Owned model (fine-tuned, self-hosted): By definition, scores 5.0 on Dimensions 1, 2, and 4. You control the version, you own the logs, your data never leaves your infrastructure. Regulatory compliance support (Dimension 5) depends on your internal processes, not a vendor's. Exit risk (Dimension 6) is zero — you own the weights.

The Owned Model Baseline

The scoring exercise makes explicit something that's easy to miss in capability comparisons: a model you own eliminates the most critical governance risks by construction.

Version stability: your model doesn't update unless you update it. Audit logging: you control the logging stack. Data governance: your training data never leaves your environment. Exit strategy: you hold the weights in an open format.

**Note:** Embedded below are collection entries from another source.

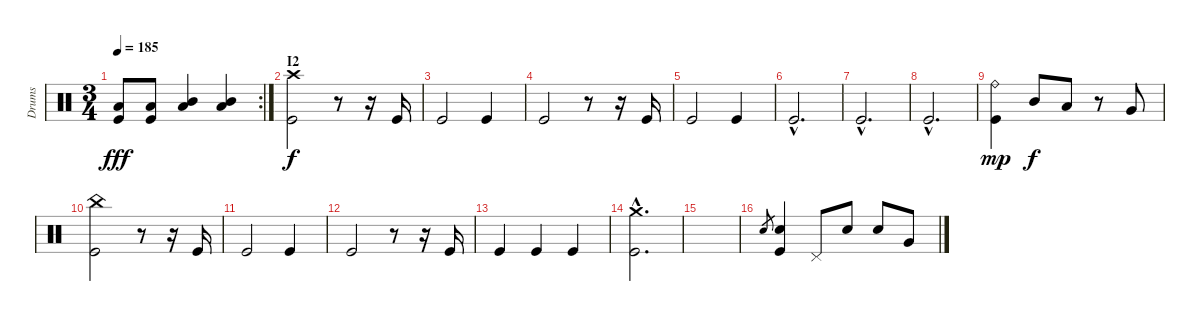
\track ("Drums" "Drums") {instrument percussion}
\staff {score}
\articulation defaults
\rc 2
\ts (3 4)
\tempo 185
\clef neutral
\ks c
("Low Floor Tom (hit)" "Kick (hit)").8{dy fff} ("Low Floor Tom (hit)" "Kick (hit)").8 ("Mid Tom (hit)" "Low Floor Tom (hit)").4 ("Mid Tom (hit)" "Low Floor Tom (hit)").4 |
\section ("" "I2")
("Crash high (hit)" "Kick (hit)").2{dy f} r.8 r.16 "Kick (hit)".16 |
"Kick (hit)".2 "Kick (hit)".4 |
"Kick (hit)".2 r.8 r.16 "Kick (hit)".16 |
"Kick (hit)".2 "Kick (hit)".4 |
"Kick (hit)"{hac}.2{d} |
"Kick (hit)"{hac}.2{d} |
"Kick (hit)"{hac}.2{d} |
("Ride (bell)" "Kick (hit)").4{dy mp} "Mid Tom (hit)".8{dy f} "Low Tom (hit)".8 r.8 "Very Low Tom (hit)".8 |
("China (hit)" "Kick (hit)").2 r.8 r.16 "Kick (hit)".16 |
"Kick (hit)".2 "Kick (hit)".4 |
"Kick (hit)".2 r.8 r.16 "Kick (hit)".16 |
"Kick (hit)".4 "Kick (hit)".4 "Kick (hit)".4 |
("Crash medium (hit)"{hac} "Kick (hit)"{hac}).2{d} |
|
"Snare (hit) 2".8{gr} ("Snare (hit) 2" "Kick (hit)").4 "Pedal Hi-Hat (hit)".8 "Snare (hit) 2".8 "Snare (hit) 2".8 "Very Low Tom (hit)".8

This doesn't mean owned models are always the right answer — they require investment in fine-tuning infrastructure and expertise. But for regulated use cases where vendor governance scores consistently fall in the 2.5-3.5 range, the total cost of compensating controls often exceeds the cost of owning the model.

See early bird pricing →

Book a discovery call with Ertas →

Running This Process

Identify all AI vendors your organization uses or is evaluating (include embedded AI in SaaS products)
Score each vendor using this scorecard — use the same evaluator for each dimension across vendors
Document your scoring rationale, not just the numbers — auditors will want to see it
For vendors scoring 2.0-3.9, document the compensating controls before deployment
Re-evaluate annually, or immediately following material changes (acquisition, policy change, major model update)

The scorecard is a decision-support tool, not a veto mechanism. A 3.2 with a solid mitigation plan is a defensible procurement decision. A 1.8 with no mitigation plan is not — and when something goes wrong, the absence of this analysis will be the first thing an auditor or regulator looks for.